What you are asked to do: After finding the line containing "Offer a very short reply. 60.7." below, please output that line and each following one through the line containing "Your answer should be very brief. 0.1.", exactly as written.

Extracted records:

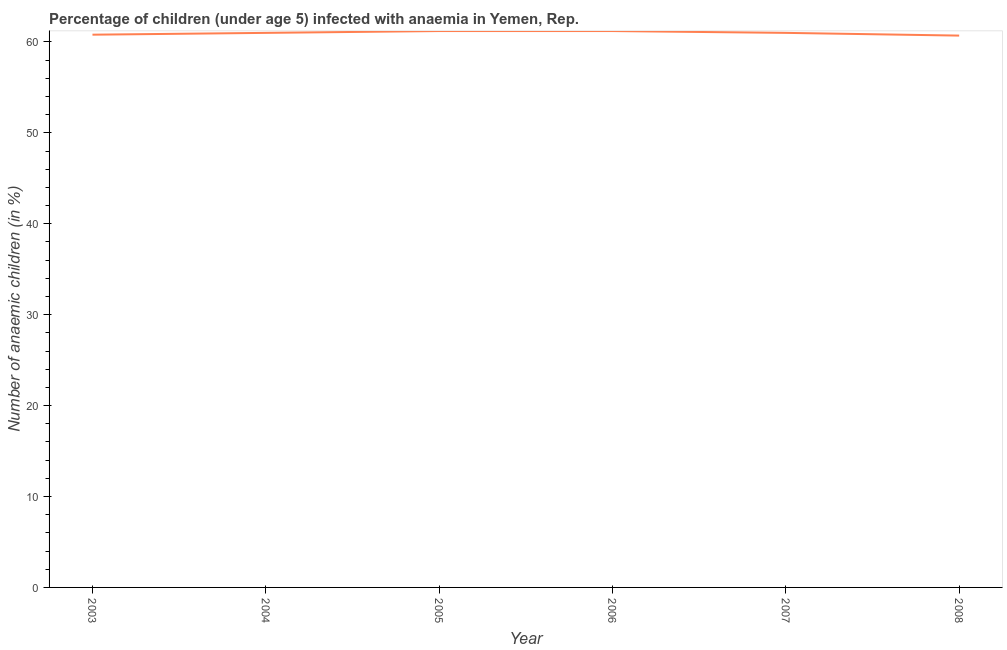Across all years, what is the maximum number of anaemic children?
Your answer should be compact. 61.2. Across all years, what is the minimum number of anaemic children?
Keep it short and to the point. 60.7. In which year was the number of anaemic children maximum?
Make the answer very short. 2005. What is the sum of the number of anaemic children?
Provide a short and direct response. 365.9. What is the difference between the number of anaemic children in 2003 and 2008?
Your answer should be compact. 0.1. What is the average number of anaemic children per year?
Your answer should be compact. 60.98. What is the median number of anaemic children?
Provide a succinct answer. 61. What is the ratio of the number of anaemic children in 2004 to that in 2008?
Your response must be concise. 1. What is the difference between the highest and the lowest number of anaemic children?
Provide a succinct answer. 0.5. How many lines are there?
Offer a terse response. 1. What is the difference between two consecutive major ticks on the Y-axis?
Make the answer very short. 10. What is the title of the graph?
Your answer should be very brief. Percentage of children (under age 5) infected with anaemia in Yemen, Rep. What is the label or title of the Y-axis?
Provide a succinct answer. Number of anaemic children (in %). What is the Number of anaemic children (in %) in 2003?
Offer a very short reply. 60.8. What is the Number of anaemic children (in %) in 2005?
Your answer should be very brief. 61.2. What is the Number of anaemic children (in %) of 2006?
Make the answer very short. 61.2. What is the Number of anaemic children (in %) of 2008?
Offer a very short reply. 60.7. What is the difference between the Number of anaemic children (in %) in 2003 and 2004?
Your answer should be compact. -0.2. What is the difference between the Number of anaemic children (in %) in 2003 and 2005?
Your answer should be very brief. -0.4. What is the difference between the Number of anaemic children (in %) in 2003 and 2007?
Provide a succinct answer. -0.2. What is the difference between the Number of anaemic children (in %) in 2003 and 2008?
Your answer should be very brief. 0.1. What is the difference between the Number of anaemic children (in %) in 2004 and 2005?
Ensure brevity in your answer.  -0.2. What is the difference between the Number of anaemic children (in %) in 2004 and 2007?
Offer a terse response. 0. What is the difference between the Number of anaemic children (in %) in 2005 and 2006?
Your answer should be very brief. 0. What is the difference between the Number of anaemic children (in %) in 2006 and 2007?
Give a very brief answer. 0.2. What is the difference between the Number of anaemic children (in %) in 2007 and 2008?
Offer a very short reply. 0.3. What is the ratio of the Number of anaemic children (in %) in 2003 to that in 2004?
Ensure brevity in your answer.  1. What is the ratio of the Number of anaemic children (in %) in 2003 to that in 2008?
Ensure brevity in your answer.  1. What is the ratio of the Number of anaemic children (in %) in 2004 to that in 2008?
Offer a very short reply. 1. What is the ratio of the Number of anaemic children (in %) in 2005 to that in 2006?
Offer a very short reply. 1. What is the ratio of the Number of anaemic children (in %) in 2005 to that in 2007?
Your answer should be compact. 1.

Response box:
Offer a very short reply. 60.7. What is the difference between the Number of anaemic children (in %) in 2003 and 2004?
Your answer should be compact. -0.2. What is the difference between the Number of anaemic children (in %) in 2003 and 2005?
Your answer should be very brief. -0.4. What is the difference between the Number of anaemic children (in %) in 2003 and 2007?
Provide a succinct answer. -0.2. What is the difference between the Number of anaemic children (in %) in 2003 and 2008?
Your answer should be very brief. 0.1. What is the difference between the Number of anaemic children (in %) in 2004 and 2005?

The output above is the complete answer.